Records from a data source
___
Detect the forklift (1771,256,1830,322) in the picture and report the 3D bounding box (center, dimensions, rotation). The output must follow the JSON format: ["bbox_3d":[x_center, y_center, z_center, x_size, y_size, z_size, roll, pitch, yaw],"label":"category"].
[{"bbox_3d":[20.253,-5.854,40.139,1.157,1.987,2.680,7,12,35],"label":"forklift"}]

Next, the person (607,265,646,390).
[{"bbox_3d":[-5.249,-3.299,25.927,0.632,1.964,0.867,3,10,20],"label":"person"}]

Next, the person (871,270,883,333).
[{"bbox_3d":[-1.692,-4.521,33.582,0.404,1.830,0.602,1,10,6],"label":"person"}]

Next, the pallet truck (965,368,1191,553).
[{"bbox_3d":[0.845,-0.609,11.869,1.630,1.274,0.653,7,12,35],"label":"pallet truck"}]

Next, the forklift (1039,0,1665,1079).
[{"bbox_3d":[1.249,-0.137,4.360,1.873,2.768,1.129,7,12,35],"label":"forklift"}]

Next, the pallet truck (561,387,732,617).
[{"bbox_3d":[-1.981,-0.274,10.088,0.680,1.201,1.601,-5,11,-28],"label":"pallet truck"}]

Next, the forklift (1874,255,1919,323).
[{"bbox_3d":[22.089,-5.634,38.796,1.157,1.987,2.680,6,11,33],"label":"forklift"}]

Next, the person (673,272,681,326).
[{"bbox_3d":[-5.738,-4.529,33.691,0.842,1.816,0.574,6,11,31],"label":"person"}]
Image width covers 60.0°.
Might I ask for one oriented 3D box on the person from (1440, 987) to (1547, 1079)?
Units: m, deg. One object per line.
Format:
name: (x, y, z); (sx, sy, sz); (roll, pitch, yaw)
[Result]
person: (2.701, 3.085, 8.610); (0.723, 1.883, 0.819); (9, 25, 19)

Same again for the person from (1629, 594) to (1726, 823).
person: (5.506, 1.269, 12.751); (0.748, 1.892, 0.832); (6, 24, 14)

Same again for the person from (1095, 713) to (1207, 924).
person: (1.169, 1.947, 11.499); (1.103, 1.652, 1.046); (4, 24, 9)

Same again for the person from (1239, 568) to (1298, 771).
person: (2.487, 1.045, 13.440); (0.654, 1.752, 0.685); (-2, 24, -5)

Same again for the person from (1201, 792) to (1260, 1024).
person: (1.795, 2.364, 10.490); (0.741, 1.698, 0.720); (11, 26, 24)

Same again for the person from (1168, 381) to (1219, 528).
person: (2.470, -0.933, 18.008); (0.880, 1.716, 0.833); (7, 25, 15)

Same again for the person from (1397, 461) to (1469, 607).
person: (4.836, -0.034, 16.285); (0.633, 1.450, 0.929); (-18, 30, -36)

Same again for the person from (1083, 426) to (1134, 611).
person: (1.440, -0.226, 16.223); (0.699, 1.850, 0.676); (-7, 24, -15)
___
TASK
Copy each entry exactly.

RESULT BELOW
Detect the forklift (1771,256,1830,322) in the picture and report the 3D bounding box (center, dimensions, rotation). The output must follow the JSON format: ["bbox_3d":[x_center, y_center, z_center, x_size, y_size, z_size, roll, pitch, yaw],"label":"category"].
[{"bbox_3d":[20.253,-5.854,40.139,1.157,1.987,2.680,7,12,35],"label":"forklift"}]

Next, the person (607,265,646,390).
[{"bbox_3d":[-5.249,-3.299,25.927,0.632,1.964,0.867,3,10,20],"label":"person"}]

Next, the person (871,270,883,333).
[{"bbox_3d":[-1.692,-4.521,33.582,0.404,1.830,0.602,1,10,6],"label":"person"}]

Next, the pallet truck (965,368,1191,553).
[{"bbox_3d":[0.845,-0.609,11.869,1.630,1.274,0.653,7,12,35],"label":"pallet truck"}]

Next, the forklift (1039,0,1665,1079).
[{"bbox_3d":[1.249,-0.137,4.360,1.873,2.768,1.129,7,12,35],"label":"forklift"}]

Next, the pallet truck (561,387,732,617).
[{"bbox_3d":[-1.981,-0.274,10.088,0.680,1.201,1.601,-5,11,-28],"label":"pallet truck"}]

Next, the forklift (1874,255,1919,323).
[{"bbox_3d":[22.089,-5.634,38.796,1.157,1.987,2.680,6,11,33],"label":"forklift"}]

Next, the person (673,272,681,326).
[{"bbox_3d":[-5.738,-4.529,33.691,0.842,1.816,0.574,6,11,31],"label":"person"}]
Image width covers 60.0°.
Might I ask for one oriented 3D box on the person from (1440, 987) to (1547, 1079)?
Units: m, deg. One object per line.
Format:
name: (x, y, z); (sx, sy, sz); (roll, pitch, yaw)
[Result]
person: (2.701, 3.085, 8.610); (0.723, 1.883, 0.819); (9, 25, 19)

Same again for the person from (1629, 594) to (1726, 823).
person: (5.506, 1.269, 12.751); (0.748, 1.892, 0.832); (6, 24, 14)

Same again for the person from (1095, 713) to (1207, 924).
person: (1.169, 1.947, 11.499); (1.103, 1.652, 1.046); (4, 24, 9)

Same again for the person from (1239, 568) to (1298, 771).
person: (2.487, 1.045, 13.440); (0.654, 1.752, 0.685); (-2, 24, -5)

Same again for the person from (1201, 792) to (1260, 1024).
person: (1.795, 2.364, 10.490); (0.741, 1.698, 0.720); (11, 26, 24)

Same again for the person from (1168, 381) to (1219, 528).
person: (2.470, -0.933, 18.008); (0.880, 1.716, 0.833); (7, 25, 15)

Same again for the person from (1397, 461) to (1469, 607).
person: (4.836, -0.034, 16.285); (0.633, 1.450, 0.929); (-18, 30, -36)

Same again for the person from (1083, 426) to (1134, 611).
person: (1.440, -0.226, 16.223); (0.699, 1.850, 0.676); (-7, 24, -15)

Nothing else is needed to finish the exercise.